Dezeen is finally launching an opinion column. The first piece by our new columnist Sam Jacob will run tomorrow; here, Dezeen editor-in-chief Marcus Fairs, whose own column will alternate with Jacob's, explains why it's taken us so long to take a stance.
At last, Dezeen has an opinion
I’ve enjoyed not having an opinion for the last six years. During that time I’ve steered away from saying what I think about architecture and design for several reasons.
When I started Dezeen in 2006, the internet was awash with people sharing their views: many of the early bloggers shouted loud, and I had no intention of getting involved in a decibel war. I’d come from the world of print journalism, with its legions of professional columnists, critics, leader writers and agenda-pushers: expensive baggage that I could no longer afford to carry.
My own outspoken, shoot-from-the-hip print articles had made me many enemies – there are still designers, architects and public figures who won’t speak to me ten years on from pieces that (usually mildly and always, I still contend, with justfication) criticised them – and I was tired of the flak. Plus coming up with a coherent viewpoint on a topic is time-consuming and difficult and, for a newly unemployed journalist, very badly paid.

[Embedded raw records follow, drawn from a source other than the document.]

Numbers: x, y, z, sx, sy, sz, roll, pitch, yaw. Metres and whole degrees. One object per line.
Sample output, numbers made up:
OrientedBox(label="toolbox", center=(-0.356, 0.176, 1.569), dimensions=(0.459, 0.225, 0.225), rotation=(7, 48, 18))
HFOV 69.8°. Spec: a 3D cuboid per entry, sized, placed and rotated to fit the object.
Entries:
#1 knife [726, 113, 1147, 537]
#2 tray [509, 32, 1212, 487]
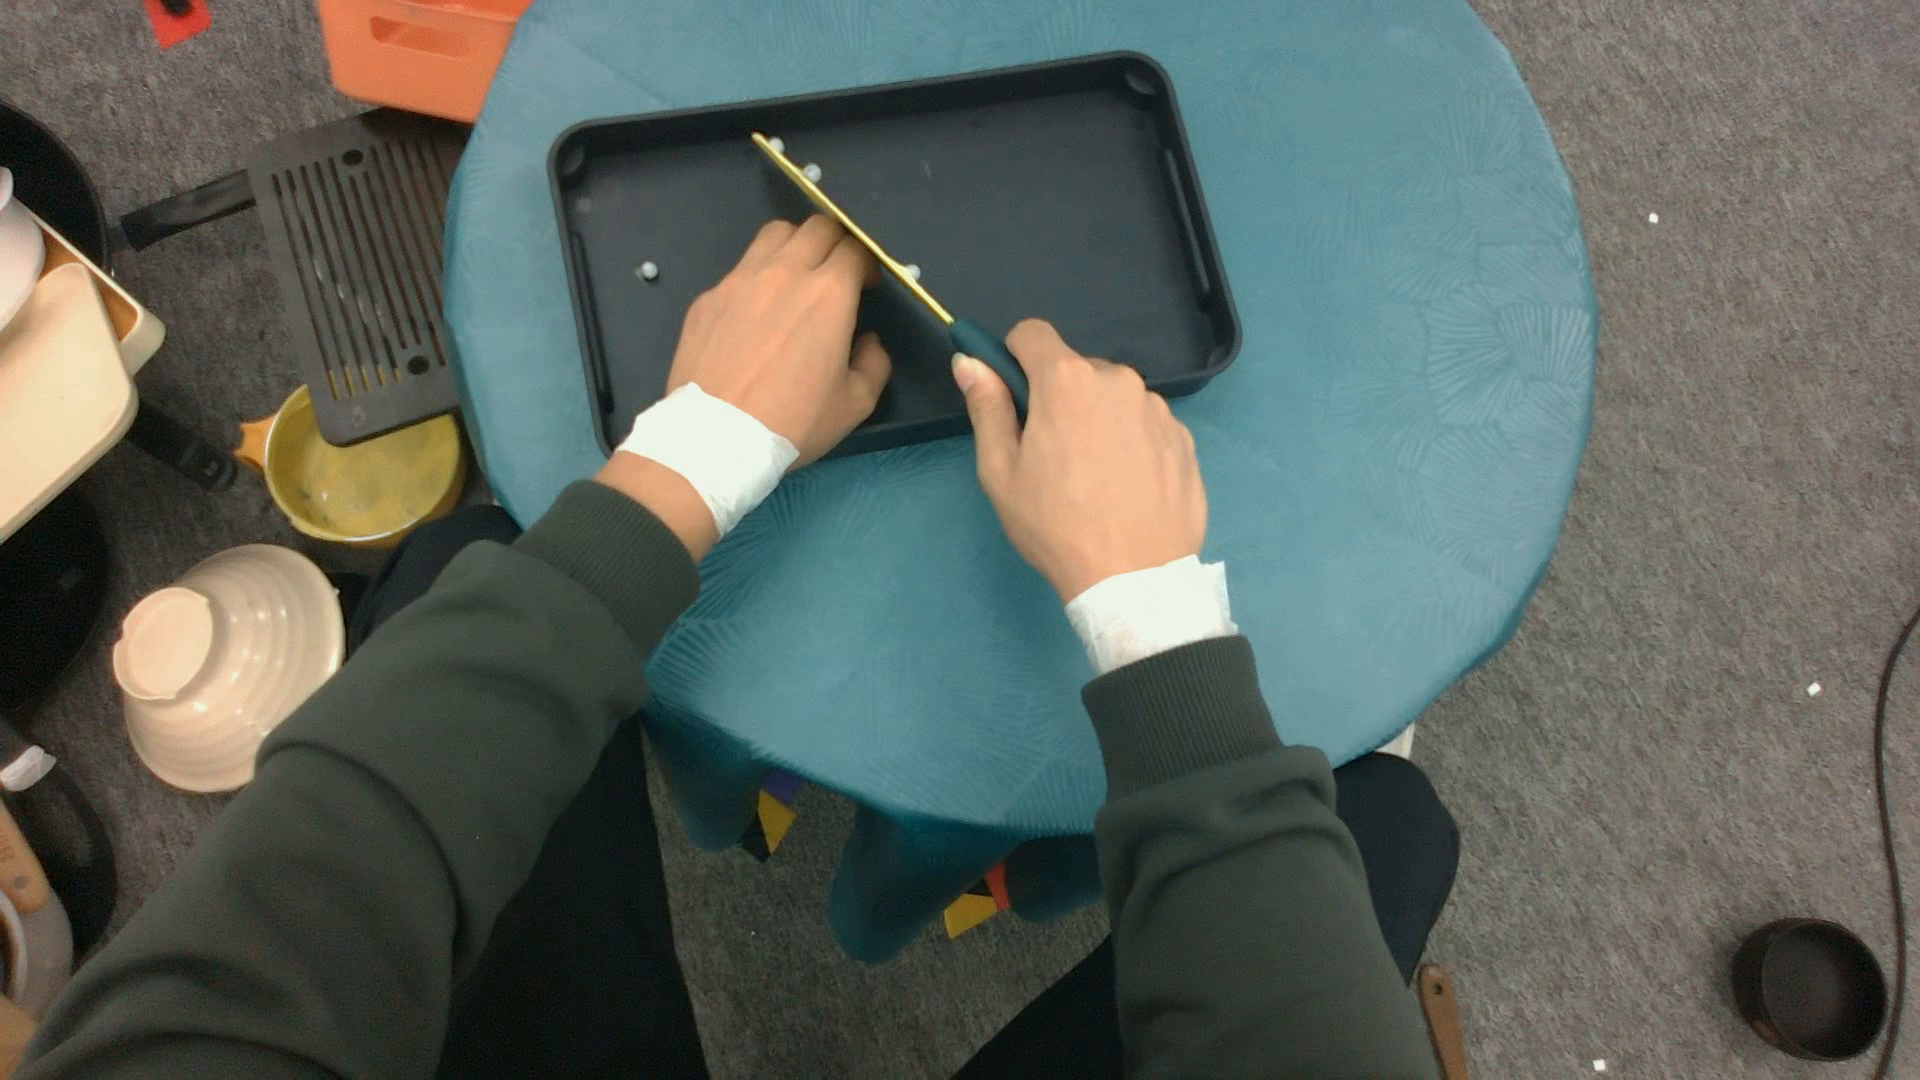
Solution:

So I launched Dezeen as an opinion-free channel of pure information. I found it immensely refreshing not to have to pass constant judgment; so apparently did others as it became immediately popular. And, along with many, many other blogs, Dezeen became a forum for a new form of user-generated opinion in the guise of a lively comments section, which, while lacking the nuance of the professional criterati, attracted viewpoints that were strident, passionate and diverse.
And as opinion became democratised, so it started to get shorter. Long-form journalism was usurped by snappy blog posts and curt comments and later, with the rise of twitter, 140-character witticisms. Facebook further reduced opinion to a monosyllabic “like” and Pinterest has more lately removed the verbalisation of preference entirely: pinning something is a visceral action rather than an intellectual one.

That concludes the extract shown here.